# A couple of honyaki knives before they ship out



## JBroida (Aug 6, 2013)

These are going in the mail tomorrow, so i thought we'd post some pics of them before they go... here are the knives:

http://www.japaneseknifeimports.com...u-honyaki-wa-gyuto-ichii-special-project.html
(this one was really special... its a rare occasion you see blue #1 mizu-honyaki... especially from the craftsmen involved in this one)

http://www.japaneseknifeimports.com...-2-honyaki-wa-sujihiki-with-ebony-handle.html
(so happy with how this one turned out... we've still got its little 270mm brother kicking around in the store)


----------



## Anton (Aug 7, 2013)

Beautiful


----------



## ChuckTheButcher (Aug 7, 2013)

Wow!!


----------



## DSChief (Aug 7, 2013)

2nd. the WOW, but more important, Jon, where did you source the wooden stand! Have been looking for months for one. 4 slots even better


----------



## JBroida (Aug 7, 2013)

we've got a few in store that we use.... i may need to order more soon, so if you would like, maybe we can pick some up for you. Shoot me an e-mail if you're interested.

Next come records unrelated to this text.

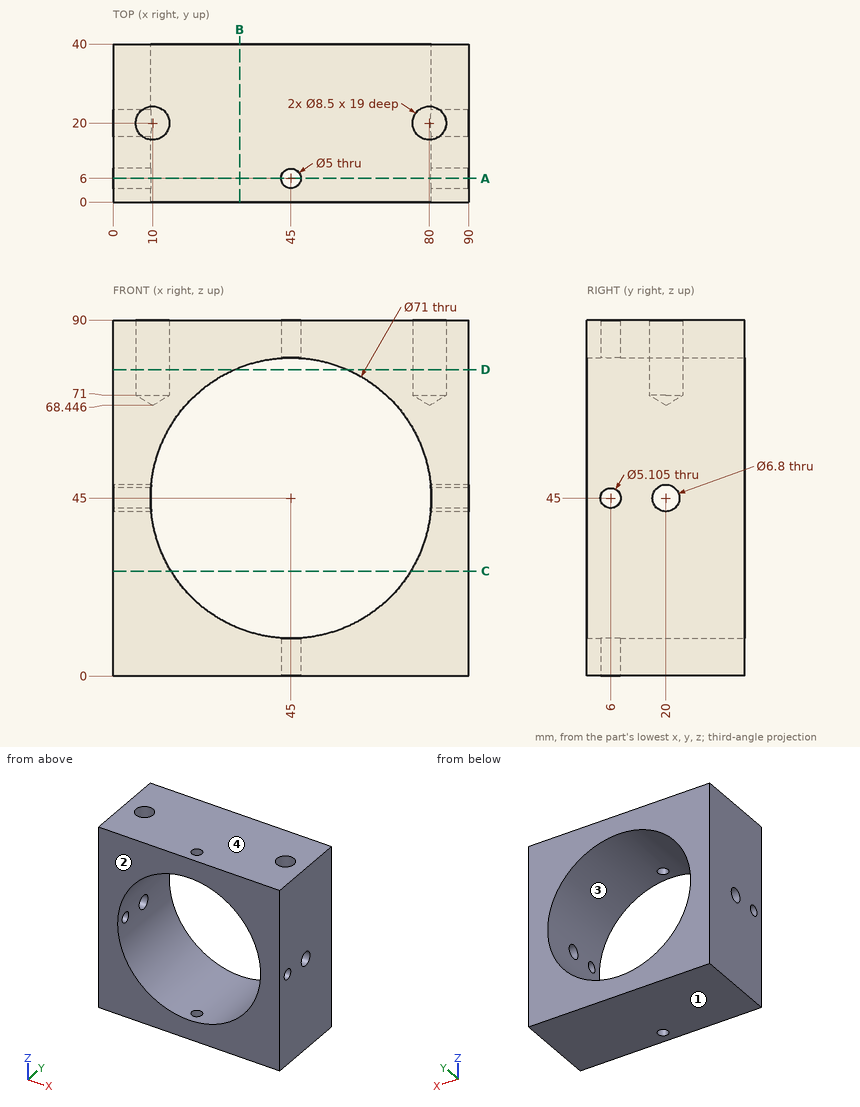
Part print with two shaded views. Sizes in mm from the minimum x, y, z corner. Coordinates: 2 decimals unless noted, no trailing zeros. Order: outer loops, then holes, each group sorted by start corner. A loop starts at its lowest first (then second) coordinate and runs counter-clockwise, first axis right, second up. Notation, with made-up numbers: M 63.25,82.5 L 84.25,82.5 A16 cw 84.25,105.5 Z; hole C 69,79 d5. An arc over 180 degrees is marked long. One line per question, with ' | ' between items. Start each with the question number.
1. Cut at D-D (z = 77.5). Write the cut outline in (x, y).
2. Wall check: line 1 along Z through (x, y) = (44.5, 21.5); line 2 along Y through (x, z) = (45, 4.5); line 3 along Y through (x, z) = (10, 78). Give the ranges that are in metal, low to high. Write a range as [from, to].
3. Mould opens along Z. For the marked faces 1, 2, 3 and 4 say: +Z half, -Z half, draft (parallel to the pull), parting line (faces both ways), or undercut.
4. Cut at B-B (x = 32). Write the cut outline in (y, z), plus the area to 3 significant figures.
5. Cut at A-A (y = 6). Write the cut outline in (x, z), plus the area to 3 significant figures.
6. Cut at C-C (z = 26.5). Write the cut outline in (x, y), plus the area to 3 significant figures.
The answers:
1) outline: M 0,0 L 30.72,0 L 30.72,40 L 0,40 Z; M 59.28,0 L 90,0 L 90,40 L 59.28,40 Z; hole C 10,20 d8.5; hole C 80,20 d8.5
2) line 1: z = [0, 9.5], [80.5, 90] | line 2: y = [0, 3.5], [8.5, 40] | line 3: y = [0, 15.75], [24.25, 40]
3) face 1: -Z half | face 2: draft | face 3: undercut | face 4: +Z half
4) outline: M 0,0 L 40,0 L 40,11.97 L 0,11.97 Z; M 0,78.03 L 40,78.03 L 40,90 L 0,90 Z | area: 957 mm2
5) outline: M 0,0 L 42.5,0 L 42.5,9.59 A35.5 cw 9.59,42.45 L 0,42.45 Z; M 0,47.55 L 9.59,47.55 A35.5 cw 42.5,80.41 L 42.5,90 L 0,90 Z; M 47.5,0 L 90,0 L 90,42.45 L 80.41,42.45 A35.5 cw 47.5,9.59 Z; M 47.5,80.41 A35.5 cw 80.41,47.55 L 90,47.55 L 90,90 L 47.5,90 Z | area: 3,950 mm2
6) outline: M 0,0 L 14.7,0 L 14.7,40 L 0,40 Z; M 75.3,0 L 90,0 L 90,40 L 75.3,40 Z | area: 1,180 mm2

They have taller ones too.


----------



## ramenlegend (Aug 7, 2013)

Amazing! but way out of my price range


----------



## bkdc (Aug 9, 2013)

:bigeek: 

Gorgeous. I'm just awed at the skill and experience that went into those knives.


----------



## bkdc (Aug 9, 2013)

Murray Carter calls Shiraki-san the best Japanese bladesmith.


----------



## KedarShenoy (Aug 10, 2013)

those are some seriously beautiful knives


----------